Good employers will give credit but come on think of all the things/processes/data/structures you use every day at work. All were someone's work at some point.

Are you going to thank the people that built the building, keep the laptops running, booked the meeting rooms? Of course not because that's just people doing their jobs.

Same applies to you I'm afraid- though that's not always nice to realise.

10milliondollars · 09/10/2024 11:00

UnionRep · 02/10/2024 15:25

This depends on a few things. If you are a 'consultant' and employed for specialist work, then you should present it, as your work but under the umbrella of the company.
If, however, and this is more likely - that you are employed to do a job and just happen to be a person working with a specialism - then your company can legally say that you produced that work, for a purpose that you were employed for, on their premises and using their property. They therefore own it.
It's a. bit crap of them to not let you present it but they can ask someone else to present it legally.

If you are a consultant and you have been paid to do a piece of work - the client decides how it is going to be presented, unless you have agreed otherwise in advance - the company will have paid the consultant a lot of money for that work.
We work directly with CEOs - we do the work asked of us and the CEO presents it as their thinking, they use our consultants like they use any other person who works for them. When they are presenting their new company strategy...it's never all their work - but they have commissioned it, approved it and put their spin on it - it's the way business works. We won't even publicly acknowledge that we have worked with companies without getting their agreement.
You'll find many well-known people don't write their own speeches - they rarely acknowledge the writer.

MayaPinion · 09/10/2024 20:16

I'm guessing it's something like your boss is an architect and you are something like an architectural restoration specialist. You work for a company that's doing the significant regeneration of a listed building and you have been responsible for the authentic reconstruction of the gargoyles, ceiling roses, architraves, and several of the the other period features.
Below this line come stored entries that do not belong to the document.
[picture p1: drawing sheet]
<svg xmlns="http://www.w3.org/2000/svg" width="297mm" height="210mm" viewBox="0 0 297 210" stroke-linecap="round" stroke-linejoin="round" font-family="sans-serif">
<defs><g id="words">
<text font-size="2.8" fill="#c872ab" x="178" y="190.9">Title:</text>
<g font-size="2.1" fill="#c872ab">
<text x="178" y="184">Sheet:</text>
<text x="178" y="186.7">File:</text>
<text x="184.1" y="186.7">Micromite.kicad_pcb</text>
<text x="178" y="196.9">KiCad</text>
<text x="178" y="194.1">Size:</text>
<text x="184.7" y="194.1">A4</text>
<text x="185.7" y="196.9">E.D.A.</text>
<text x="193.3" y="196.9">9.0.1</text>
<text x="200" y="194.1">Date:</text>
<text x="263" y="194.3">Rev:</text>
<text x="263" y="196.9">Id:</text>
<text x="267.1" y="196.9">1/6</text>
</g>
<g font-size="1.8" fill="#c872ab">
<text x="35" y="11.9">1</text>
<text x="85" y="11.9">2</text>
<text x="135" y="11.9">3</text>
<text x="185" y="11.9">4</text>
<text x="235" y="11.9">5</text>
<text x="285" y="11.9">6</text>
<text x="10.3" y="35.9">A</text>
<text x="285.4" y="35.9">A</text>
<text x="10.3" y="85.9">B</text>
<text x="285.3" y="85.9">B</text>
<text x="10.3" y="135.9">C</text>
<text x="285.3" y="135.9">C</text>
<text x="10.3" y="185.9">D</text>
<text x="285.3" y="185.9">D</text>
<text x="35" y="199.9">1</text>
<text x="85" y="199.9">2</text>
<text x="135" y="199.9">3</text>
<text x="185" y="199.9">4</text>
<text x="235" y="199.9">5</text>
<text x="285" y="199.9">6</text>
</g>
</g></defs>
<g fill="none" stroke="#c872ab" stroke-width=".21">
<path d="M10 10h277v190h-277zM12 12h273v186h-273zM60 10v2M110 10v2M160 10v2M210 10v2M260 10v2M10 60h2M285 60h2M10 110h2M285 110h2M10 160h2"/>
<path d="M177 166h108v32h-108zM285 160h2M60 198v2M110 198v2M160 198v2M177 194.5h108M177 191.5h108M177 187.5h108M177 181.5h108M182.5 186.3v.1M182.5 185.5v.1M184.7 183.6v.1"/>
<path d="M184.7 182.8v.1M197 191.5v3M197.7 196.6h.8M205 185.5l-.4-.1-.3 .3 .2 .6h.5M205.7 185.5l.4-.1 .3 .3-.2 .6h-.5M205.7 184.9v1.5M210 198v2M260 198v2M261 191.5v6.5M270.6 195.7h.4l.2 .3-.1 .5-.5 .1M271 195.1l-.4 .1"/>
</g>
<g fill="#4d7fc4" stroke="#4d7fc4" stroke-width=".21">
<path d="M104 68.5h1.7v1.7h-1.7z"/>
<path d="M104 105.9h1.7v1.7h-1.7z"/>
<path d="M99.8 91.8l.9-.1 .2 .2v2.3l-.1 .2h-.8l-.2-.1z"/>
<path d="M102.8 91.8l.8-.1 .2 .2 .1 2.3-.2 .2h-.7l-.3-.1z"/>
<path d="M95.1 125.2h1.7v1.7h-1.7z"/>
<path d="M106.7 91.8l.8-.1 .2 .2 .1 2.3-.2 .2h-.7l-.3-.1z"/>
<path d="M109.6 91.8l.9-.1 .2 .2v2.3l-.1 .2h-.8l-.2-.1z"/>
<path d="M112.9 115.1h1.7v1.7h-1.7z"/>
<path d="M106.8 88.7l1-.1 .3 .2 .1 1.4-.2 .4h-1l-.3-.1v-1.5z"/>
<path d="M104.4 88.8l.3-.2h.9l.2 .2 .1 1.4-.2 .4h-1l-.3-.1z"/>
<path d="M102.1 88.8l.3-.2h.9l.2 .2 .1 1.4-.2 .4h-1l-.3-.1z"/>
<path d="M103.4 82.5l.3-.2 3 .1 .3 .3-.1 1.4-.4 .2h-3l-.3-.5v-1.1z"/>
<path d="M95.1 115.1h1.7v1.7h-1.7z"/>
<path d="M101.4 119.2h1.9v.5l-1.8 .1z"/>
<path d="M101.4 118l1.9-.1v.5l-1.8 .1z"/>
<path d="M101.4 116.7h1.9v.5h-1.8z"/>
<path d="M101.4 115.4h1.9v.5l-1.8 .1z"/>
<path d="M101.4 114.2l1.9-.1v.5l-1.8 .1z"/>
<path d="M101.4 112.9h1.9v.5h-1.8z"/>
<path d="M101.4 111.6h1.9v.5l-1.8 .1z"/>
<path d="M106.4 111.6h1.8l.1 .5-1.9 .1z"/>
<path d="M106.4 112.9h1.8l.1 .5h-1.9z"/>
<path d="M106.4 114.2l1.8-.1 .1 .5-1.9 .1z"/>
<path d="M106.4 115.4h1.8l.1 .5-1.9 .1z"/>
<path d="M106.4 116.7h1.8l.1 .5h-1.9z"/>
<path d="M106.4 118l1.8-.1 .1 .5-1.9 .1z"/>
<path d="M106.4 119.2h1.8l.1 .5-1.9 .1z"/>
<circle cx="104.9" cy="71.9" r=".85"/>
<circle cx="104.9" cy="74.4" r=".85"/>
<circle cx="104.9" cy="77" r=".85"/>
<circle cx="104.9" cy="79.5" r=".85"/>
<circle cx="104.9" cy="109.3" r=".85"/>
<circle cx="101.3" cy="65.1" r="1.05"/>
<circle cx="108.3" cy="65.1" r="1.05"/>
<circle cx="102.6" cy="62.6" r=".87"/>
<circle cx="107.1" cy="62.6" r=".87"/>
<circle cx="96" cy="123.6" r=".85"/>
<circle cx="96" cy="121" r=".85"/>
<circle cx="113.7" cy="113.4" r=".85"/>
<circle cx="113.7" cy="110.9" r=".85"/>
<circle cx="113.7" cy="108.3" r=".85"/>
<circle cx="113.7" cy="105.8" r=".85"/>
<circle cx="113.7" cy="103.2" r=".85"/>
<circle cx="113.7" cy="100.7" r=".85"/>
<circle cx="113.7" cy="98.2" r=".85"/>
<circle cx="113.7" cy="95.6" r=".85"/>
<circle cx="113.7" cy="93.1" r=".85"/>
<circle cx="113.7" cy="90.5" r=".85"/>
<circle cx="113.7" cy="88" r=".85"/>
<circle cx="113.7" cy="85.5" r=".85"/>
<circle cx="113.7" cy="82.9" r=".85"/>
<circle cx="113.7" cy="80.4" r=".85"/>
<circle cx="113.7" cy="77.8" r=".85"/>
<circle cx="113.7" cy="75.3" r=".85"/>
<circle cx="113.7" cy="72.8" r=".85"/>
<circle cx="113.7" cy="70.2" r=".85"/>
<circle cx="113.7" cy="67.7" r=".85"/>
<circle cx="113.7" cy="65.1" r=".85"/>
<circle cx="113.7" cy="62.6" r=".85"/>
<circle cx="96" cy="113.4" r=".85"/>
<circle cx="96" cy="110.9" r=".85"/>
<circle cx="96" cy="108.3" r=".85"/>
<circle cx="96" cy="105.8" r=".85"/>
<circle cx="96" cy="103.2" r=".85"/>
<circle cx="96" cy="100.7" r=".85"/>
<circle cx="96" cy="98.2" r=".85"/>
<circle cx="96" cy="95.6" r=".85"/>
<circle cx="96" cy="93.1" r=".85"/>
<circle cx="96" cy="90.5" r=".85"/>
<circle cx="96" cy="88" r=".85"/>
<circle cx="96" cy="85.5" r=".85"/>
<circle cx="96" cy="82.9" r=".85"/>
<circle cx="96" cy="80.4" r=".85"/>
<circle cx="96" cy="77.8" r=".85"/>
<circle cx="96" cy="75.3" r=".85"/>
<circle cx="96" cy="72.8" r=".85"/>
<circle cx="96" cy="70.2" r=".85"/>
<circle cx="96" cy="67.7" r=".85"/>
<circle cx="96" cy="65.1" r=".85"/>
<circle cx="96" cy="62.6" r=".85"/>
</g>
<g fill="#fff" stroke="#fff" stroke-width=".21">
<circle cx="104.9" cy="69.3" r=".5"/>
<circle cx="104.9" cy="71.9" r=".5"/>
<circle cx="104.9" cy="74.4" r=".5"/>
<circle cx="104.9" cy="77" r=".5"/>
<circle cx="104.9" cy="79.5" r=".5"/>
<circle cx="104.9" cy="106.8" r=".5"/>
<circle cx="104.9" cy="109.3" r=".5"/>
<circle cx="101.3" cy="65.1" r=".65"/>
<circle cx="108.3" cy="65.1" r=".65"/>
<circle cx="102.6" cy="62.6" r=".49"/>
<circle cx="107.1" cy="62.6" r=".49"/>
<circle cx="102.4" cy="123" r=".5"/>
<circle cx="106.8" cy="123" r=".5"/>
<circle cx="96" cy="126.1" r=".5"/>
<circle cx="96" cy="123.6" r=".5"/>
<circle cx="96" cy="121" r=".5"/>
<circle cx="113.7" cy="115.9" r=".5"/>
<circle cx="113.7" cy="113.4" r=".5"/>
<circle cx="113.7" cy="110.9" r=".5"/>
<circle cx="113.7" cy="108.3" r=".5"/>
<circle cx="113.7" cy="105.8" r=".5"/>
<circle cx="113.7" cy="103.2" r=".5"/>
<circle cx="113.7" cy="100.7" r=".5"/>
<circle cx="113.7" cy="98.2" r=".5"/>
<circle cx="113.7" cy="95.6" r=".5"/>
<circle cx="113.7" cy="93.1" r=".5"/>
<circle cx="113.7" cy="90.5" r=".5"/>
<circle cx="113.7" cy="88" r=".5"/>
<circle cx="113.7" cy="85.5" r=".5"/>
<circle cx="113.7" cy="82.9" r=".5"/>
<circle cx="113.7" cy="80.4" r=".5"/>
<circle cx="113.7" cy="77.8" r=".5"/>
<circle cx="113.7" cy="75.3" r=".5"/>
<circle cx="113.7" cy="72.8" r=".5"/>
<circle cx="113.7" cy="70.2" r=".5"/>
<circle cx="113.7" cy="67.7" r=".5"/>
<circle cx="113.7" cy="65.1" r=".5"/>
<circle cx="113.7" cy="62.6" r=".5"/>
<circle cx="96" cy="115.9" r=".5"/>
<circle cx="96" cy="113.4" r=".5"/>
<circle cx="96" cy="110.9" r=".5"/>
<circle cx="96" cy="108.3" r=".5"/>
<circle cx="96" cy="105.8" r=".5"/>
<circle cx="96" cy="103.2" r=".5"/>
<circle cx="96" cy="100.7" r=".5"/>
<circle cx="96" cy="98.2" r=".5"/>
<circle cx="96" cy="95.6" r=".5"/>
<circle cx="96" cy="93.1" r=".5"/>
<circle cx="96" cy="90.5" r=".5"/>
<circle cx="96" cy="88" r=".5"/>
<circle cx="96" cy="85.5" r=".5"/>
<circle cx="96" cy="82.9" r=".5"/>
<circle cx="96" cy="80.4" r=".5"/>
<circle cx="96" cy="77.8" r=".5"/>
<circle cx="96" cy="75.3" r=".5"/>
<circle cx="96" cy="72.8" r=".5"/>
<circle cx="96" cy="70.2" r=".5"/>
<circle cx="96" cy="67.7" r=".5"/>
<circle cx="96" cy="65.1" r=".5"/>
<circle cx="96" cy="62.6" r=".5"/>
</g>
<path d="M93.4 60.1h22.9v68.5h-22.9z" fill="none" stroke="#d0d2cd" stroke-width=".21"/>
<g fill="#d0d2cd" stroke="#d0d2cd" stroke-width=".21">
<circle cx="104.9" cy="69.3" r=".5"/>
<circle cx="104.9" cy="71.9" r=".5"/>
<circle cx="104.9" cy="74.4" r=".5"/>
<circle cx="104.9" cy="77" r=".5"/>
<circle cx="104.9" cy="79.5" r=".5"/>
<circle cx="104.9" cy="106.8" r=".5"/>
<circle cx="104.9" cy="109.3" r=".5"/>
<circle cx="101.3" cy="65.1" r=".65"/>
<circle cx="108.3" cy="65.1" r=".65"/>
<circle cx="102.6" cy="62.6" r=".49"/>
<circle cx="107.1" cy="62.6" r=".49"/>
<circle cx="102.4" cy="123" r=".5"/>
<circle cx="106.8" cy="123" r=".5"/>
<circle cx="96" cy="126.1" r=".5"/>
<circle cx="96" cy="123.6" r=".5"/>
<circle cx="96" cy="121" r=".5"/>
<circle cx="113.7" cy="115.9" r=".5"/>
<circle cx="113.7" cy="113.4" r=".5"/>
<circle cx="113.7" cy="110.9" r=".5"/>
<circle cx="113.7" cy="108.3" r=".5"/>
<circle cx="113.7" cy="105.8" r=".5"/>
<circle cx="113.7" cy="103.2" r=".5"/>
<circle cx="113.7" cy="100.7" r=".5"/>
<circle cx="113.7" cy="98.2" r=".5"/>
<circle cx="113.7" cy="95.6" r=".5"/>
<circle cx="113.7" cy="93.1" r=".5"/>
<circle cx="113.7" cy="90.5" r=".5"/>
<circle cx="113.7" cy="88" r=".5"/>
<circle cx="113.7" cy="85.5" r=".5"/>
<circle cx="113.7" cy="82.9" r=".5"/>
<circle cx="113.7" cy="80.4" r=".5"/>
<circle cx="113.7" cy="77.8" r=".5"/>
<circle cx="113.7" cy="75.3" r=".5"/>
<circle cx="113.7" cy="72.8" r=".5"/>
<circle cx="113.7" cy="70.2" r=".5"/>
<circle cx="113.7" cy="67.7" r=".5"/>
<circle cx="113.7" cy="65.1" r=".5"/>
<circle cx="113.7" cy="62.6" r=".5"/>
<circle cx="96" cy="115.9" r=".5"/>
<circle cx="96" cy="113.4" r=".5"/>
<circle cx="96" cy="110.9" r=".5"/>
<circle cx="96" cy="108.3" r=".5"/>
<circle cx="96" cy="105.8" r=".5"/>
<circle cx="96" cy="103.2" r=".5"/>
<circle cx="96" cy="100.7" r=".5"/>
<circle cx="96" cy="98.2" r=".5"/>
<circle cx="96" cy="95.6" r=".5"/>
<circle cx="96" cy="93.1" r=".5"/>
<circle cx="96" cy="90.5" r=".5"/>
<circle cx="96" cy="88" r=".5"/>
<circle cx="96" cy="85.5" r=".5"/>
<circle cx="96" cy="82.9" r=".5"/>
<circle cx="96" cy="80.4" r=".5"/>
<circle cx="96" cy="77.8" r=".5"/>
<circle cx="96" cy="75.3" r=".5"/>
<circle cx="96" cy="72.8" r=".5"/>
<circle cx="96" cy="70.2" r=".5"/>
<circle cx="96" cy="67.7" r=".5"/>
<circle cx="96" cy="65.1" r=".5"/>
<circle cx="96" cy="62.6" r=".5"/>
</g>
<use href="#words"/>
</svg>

She has been part of the team responsible for the overall redevelopment. In that case, she presents the context and you present the works. This is a win win if you can work with her.

Dawevi · 04/05/2025 14:41

I've realised I didn't update this. In the end, the boss came and introduced the work then left, then the SLT member then spoke a bit but credited me fully and took a back seat the rest of the day and let me lead. Boss never checked. I wrote the whole thing up afterwards and submitted the final report.
However, subsequent stuff showed me this had been all about politics and whatever the female equivalent of dick waving is, and I decided the team wasn't a good environment so I've left and feel much better for having done so!